• _Problem statement_
Lines with "java" in them are to be located in the listing below and copied.

____________

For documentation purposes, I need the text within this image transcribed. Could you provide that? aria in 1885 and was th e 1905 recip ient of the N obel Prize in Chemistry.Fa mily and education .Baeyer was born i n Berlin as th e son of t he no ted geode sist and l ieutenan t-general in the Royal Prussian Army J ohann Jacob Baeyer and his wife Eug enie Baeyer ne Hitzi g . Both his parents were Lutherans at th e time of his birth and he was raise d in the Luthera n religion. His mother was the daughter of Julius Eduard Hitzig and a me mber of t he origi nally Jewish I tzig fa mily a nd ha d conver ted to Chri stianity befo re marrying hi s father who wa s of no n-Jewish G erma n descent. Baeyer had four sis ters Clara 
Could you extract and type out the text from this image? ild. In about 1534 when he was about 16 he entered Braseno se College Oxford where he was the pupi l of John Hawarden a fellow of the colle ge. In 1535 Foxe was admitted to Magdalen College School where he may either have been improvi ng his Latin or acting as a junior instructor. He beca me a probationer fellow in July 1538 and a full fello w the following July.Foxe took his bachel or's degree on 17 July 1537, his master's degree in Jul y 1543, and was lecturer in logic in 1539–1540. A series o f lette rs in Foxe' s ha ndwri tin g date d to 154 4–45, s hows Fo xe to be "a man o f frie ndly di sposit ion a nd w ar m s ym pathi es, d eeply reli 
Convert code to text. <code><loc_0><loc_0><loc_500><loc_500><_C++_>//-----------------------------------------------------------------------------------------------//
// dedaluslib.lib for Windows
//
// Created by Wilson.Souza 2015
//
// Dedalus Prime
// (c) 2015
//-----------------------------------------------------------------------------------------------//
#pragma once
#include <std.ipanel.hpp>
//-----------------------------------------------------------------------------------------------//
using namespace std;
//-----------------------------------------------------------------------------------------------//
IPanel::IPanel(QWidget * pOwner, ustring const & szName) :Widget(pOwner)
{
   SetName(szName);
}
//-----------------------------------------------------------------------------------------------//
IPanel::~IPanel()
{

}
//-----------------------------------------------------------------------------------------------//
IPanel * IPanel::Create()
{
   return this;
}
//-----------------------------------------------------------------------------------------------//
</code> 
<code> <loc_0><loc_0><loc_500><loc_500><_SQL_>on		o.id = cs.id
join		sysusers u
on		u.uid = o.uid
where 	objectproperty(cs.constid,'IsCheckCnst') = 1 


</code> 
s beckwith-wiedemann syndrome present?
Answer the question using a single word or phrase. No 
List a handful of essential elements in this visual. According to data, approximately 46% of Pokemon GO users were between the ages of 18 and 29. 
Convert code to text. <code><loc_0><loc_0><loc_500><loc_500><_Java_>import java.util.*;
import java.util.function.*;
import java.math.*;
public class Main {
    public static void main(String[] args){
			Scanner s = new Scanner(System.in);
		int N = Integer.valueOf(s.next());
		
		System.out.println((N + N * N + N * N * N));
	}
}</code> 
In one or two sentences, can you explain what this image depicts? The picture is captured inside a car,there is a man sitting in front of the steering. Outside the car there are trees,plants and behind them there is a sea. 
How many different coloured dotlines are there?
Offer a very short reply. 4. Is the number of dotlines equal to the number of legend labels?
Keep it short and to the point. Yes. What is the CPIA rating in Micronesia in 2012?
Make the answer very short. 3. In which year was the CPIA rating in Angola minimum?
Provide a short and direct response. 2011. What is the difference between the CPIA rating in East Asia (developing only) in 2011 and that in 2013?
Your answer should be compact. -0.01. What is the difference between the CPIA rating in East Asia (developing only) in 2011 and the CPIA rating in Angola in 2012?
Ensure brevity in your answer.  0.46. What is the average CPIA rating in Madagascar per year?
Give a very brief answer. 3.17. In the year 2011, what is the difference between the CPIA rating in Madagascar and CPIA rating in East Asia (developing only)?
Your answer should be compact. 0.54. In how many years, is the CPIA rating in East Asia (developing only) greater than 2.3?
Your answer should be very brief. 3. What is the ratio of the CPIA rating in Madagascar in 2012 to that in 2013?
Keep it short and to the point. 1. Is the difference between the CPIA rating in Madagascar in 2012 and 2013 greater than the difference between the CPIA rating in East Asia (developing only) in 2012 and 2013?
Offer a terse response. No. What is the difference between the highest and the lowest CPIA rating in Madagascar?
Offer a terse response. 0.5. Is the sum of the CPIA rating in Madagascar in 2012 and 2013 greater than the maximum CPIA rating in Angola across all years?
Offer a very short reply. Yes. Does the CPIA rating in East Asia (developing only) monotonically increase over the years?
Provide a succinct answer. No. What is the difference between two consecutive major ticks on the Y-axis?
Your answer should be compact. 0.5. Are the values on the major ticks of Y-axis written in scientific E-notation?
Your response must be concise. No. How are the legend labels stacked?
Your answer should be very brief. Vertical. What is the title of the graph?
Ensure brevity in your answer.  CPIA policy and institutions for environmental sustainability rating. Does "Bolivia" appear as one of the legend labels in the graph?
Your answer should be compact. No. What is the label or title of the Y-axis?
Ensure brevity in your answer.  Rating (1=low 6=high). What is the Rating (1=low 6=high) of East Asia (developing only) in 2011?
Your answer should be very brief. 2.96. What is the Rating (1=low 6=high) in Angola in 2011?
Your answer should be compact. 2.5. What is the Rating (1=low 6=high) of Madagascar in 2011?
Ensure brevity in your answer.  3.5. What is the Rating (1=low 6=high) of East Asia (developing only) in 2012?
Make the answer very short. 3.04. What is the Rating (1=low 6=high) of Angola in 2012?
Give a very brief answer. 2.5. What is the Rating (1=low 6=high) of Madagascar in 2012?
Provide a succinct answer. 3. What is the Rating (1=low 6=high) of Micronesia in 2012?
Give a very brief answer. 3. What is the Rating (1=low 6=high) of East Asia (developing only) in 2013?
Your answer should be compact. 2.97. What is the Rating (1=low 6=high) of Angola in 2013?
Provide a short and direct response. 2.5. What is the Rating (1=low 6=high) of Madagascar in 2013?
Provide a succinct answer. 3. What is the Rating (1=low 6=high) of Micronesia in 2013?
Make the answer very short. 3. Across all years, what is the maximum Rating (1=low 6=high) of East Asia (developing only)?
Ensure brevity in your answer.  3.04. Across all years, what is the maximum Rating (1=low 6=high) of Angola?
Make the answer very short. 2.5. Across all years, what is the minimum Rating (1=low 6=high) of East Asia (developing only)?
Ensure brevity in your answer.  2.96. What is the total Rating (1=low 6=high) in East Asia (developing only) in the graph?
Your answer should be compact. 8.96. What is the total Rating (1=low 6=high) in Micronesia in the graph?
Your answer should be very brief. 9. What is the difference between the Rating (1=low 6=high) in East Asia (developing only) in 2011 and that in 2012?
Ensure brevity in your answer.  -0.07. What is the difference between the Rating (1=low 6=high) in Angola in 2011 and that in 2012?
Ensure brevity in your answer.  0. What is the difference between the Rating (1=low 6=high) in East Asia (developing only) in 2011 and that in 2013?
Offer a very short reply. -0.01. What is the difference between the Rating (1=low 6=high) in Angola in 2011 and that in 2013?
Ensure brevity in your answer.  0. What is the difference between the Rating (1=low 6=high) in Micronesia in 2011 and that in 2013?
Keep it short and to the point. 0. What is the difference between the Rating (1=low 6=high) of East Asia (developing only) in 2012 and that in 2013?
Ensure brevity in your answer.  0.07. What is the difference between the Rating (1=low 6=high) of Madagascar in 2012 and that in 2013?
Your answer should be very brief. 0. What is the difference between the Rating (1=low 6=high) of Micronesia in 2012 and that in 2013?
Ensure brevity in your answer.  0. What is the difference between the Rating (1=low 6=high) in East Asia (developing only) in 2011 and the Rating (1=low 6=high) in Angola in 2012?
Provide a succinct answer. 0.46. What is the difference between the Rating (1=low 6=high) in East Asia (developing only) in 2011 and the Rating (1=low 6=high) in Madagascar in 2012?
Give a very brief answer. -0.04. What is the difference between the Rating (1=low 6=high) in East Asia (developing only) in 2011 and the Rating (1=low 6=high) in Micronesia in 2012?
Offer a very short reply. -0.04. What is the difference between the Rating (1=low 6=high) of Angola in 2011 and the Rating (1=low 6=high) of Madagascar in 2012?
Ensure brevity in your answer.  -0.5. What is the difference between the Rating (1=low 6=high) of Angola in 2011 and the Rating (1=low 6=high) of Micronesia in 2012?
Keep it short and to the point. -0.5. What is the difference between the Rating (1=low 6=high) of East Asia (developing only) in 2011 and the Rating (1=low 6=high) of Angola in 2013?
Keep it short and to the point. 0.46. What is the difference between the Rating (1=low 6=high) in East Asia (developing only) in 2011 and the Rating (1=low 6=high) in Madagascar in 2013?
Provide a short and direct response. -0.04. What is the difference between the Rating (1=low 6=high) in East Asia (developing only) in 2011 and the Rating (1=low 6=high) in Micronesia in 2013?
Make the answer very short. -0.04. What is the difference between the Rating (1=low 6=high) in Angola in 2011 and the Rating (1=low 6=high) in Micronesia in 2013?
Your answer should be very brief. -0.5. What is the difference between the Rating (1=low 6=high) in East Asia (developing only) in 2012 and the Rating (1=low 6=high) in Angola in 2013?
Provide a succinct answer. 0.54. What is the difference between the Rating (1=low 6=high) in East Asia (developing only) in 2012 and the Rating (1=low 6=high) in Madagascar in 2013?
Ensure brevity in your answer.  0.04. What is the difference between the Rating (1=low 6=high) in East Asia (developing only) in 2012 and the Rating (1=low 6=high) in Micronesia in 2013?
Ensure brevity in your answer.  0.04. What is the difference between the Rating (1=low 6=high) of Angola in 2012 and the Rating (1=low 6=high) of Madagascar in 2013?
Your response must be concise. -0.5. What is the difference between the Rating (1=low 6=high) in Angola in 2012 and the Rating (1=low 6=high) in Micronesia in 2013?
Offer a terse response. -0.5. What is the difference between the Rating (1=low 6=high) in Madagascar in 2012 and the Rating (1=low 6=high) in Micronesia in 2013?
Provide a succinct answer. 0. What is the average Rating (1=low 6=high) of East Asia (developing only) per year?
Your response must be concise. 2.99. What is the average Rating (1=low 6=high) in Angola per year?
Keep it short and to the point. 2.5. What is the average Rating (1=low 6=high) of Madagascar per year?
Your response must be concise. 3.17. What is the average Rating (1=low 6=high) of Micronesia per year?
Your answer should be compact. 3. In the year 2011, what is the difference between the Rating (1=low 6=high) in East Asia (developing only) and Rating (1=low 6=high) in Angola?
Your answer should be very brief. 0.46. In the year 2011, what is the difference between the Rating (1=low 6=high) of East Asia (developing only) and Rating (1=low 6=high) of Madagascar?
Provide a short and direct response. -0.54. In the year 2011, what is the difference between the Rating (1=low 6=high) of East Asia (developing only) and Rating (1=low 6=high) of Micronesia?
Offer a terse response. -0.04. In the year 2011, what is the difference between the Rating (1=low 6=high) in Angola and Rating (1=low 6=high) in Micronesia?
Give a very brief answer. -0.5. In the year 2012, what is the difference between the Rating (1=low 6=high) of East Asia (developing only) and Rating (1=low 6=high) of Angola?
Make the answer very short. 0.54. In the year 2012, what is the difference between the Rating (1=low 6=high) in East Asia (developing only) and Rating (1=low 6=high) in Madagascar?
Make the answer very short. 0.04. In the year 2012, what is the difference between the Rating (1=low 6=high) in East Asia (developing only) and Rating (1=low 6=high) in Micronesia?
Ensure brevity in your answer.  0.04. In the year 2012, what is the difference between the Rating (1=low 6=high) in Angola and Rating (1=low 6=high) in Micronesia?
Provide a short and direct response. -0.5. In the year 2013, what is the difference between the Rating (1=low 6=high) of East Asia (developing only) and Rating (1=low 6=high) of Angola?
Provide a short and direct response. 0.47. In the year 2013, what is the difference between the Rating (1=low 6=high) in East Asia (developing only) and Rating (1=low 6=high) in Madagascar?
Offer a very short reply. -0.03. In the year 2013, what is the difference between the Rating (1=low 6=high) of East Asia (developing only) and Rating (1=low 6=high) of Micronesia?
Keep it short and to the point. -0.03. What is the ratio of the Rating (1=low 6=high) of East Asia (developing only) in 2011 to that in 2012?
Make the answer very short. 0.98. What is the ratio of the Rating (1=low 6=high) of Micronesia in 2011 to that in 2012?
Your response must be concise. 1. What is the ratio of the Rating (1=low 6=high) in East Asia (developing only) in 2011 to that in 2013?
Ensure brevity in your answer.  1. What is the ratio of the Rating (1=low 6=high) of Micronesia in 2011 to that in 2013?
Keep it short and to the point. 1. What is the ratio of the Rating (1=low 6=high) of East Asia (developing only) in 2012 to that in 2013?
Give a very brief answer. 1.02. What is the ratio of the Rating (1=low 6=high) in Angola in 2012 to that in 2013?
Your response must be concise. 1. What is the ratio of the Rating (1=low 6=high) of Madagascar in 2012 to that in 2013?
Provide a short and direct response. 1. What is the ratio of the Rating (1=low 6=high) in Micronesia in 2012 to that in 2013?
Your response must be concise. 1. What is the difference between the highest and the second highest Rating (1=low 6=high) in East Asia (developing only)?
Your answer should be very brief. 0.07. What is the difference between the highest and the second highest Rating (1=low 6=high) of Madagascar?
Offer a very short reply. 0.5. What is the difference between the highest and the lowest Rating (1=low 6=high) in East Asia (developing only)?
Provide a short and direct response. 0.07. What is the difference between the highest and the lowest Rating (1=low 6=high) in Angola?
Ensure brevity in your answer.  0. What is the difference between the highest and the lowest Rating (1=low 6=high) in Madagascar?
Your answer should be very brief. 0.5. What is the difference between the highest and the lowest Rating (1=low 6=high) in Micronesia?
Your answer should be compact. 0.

____________

• _Reply_
Convert code to text. <code><loc_0><loc_0><loc_500><loc_500><_Java_>import java.util.*;
import java.util.function.*;
import java.math.*;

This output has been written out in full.